Tuesday, March 27, 2012

Labor's end of empire

The joke I heard on Saturday night proved prophetic. What was the difference between Labor and a Tarago? The car would still have eight seats in the morning. Sure enough as the night progressed, the Queensland election carcrash got worse for Labor. When I caught up with the ABC tally around 6.30pm (Qld time) they were projecting 13 or 14 seats which was in line with most people’s worst assumptions. But as I watched, that number went steadily down. When it got to 4 with the possibility that even Anna Bligh could lose, a total whitewash seemed not beyond the bounds of possibilities. By the end of the night, Antony Green and co were predicting six or seven, arguably a full 150 percent better.

With official party status still in doubt, not many Labor supporters were seeing the bright side of this. Labor have dominated Queensland since the end of the Joh era and won eight consecutive elections coming into 2012 (the Rob Borbidge interregnum was the result of a by-election). They were slowly coming down from their 2001 high water mark. They took 66 out of 89 in 2001, 63 in 2004 and 59 in 2006 as the long side took forever to get momentum. In 2009 Labor had a swing of 5 percent against them and polled less than one percent more than the LNP in their first election. But they carried 51 seats to 34. Almost from the moment the Bligh Government took office, the electorate decided 2009 was the last roll of the dice.
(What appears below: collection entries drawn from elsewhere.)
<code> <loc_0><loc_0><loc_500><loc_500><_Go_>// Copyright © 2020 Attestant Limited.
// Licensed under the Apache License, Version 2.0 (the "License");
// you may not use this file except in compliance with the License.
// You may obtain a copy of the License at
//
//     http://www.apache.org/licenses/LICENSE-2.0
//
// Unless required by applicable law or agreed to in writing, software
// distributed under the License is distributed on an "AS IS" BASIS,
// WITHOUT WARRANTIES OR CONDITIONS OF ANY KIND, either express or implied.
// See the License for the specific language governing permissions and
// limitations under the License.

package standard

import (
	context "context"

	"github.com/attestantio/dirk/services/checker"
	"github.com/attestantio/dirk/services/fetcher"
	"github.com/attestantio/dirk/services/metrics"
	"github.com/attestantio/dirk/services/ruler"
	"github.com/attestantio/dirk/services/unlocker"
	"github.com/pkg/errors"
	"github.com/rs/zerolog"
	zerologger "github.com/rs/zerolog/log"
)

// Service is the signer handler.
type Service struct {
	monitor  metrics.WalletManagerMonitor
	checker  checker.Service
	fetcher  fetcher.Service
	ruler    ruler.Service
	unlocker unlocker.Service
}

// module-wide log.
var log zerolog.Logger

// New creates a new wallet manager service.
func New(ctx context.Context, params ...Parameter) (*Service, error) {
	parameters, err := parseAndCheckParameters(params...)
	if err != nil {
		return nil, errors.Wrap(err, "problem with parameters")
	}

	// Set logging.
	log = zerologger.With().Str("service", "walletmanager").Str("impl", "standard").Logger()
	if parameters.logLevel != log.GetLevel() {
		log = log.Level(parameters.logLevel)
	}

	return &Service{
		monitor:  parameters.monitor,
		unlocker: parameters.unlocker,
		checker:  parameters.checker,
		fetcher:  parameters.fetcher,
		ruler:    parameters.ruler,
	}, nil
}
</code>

In 2012 the percentages would favour the LNP in more ways than one. After three successive defeats for Lawrence Springborg, the party became gradually more urban. John-Paul Langbroek brought the leadership to the beach before party president Bruce McIver catapulted it into the heart of Brisbane with Campbell Newman. Through his own dedication during the 2010-2011 floods as Mayor of Brisbane, Newman was able to counter the one attribute Anna Bligh had going for her – a great wartime leader. Labor decided to push enormous resources into defeating Newman in Ashgrove – or at least tying him down there - while ignoring the dangers in the LNP’s own decapitation strategy that saw three future leaders Fraser, Hinchliffe and Dick a good chance of losing their seats.

In the end none of it worked for Labor.The swing was a further 15 percent and 51 seats became 7 in a state-wide bloodbath. Nine cabinet ministers lost include Fraser, Hinchliffe and Dick. The seat of Rockhampton and a few working class suburbs of Brisbane and Ipswich was all that survived. The LNP will end up with 78 or so of 89 and Queensland is precious close to becoming a one party state. As William Bowe said, this is not a happy state of affairs with Queensland’s parliamentary sessions possibly resembling those of the Supreme Soviet of the USSR. Bowe said the Opposition will also be unable to fulfil its committee obligations and has no Senate to beef up the numbers.

Such unfettered power is unlikely to entirely suit the LNP either. There is a large, restless and untried team with which to fill the ministries. MPs in seats like Brisbane, Ipswich and Waterford will know they are on borrowed time and their demographics will mean a swing back to Labor in 2015. Nevertheless these are good problems for Newman. He has ten times as many seats as Labor who will have meagre resources to fight the next election mostly from outside parliament.

Their supporters are still in a state of shock, wondering how a disaster of this magnitude could occur. Denis Atkins nailed much of the late swing away today to Labor’s shocking campaign. Bligh’s attack on Newman under parliamentary privilege was so poor, the LNP used it in their mocking ads. And Labor’s own last minute ads “don’t give them too much power” was pathetic beyond belief. The Federal Government is looking on in horror as it sees the Ghost of Christmas Future in their own Queensland tilt though it is dangerous to draw too many Federal conclusions.

Meanwhile State Labor’s magnificent standing seven may even diminish further before it recovers. Anna Bligh’s inevitable resignation puts her knife edge seat on the chopping block with defeated cabinet ministers ruling themselves out of a second tilt. Who would want to rule this rabble? As Atkins said, Labor has been eaten by its own political obsession. They deserve the 15 years "they will spend in their long, cold winter,” Atkins wrote. That may be no bad thing. Queensland will be a very different place in 2032 and different parties and ideologies are required to face the many 21st century challenges. The state Labor parties across Australia do not appear to have a coherent strategy to face these times.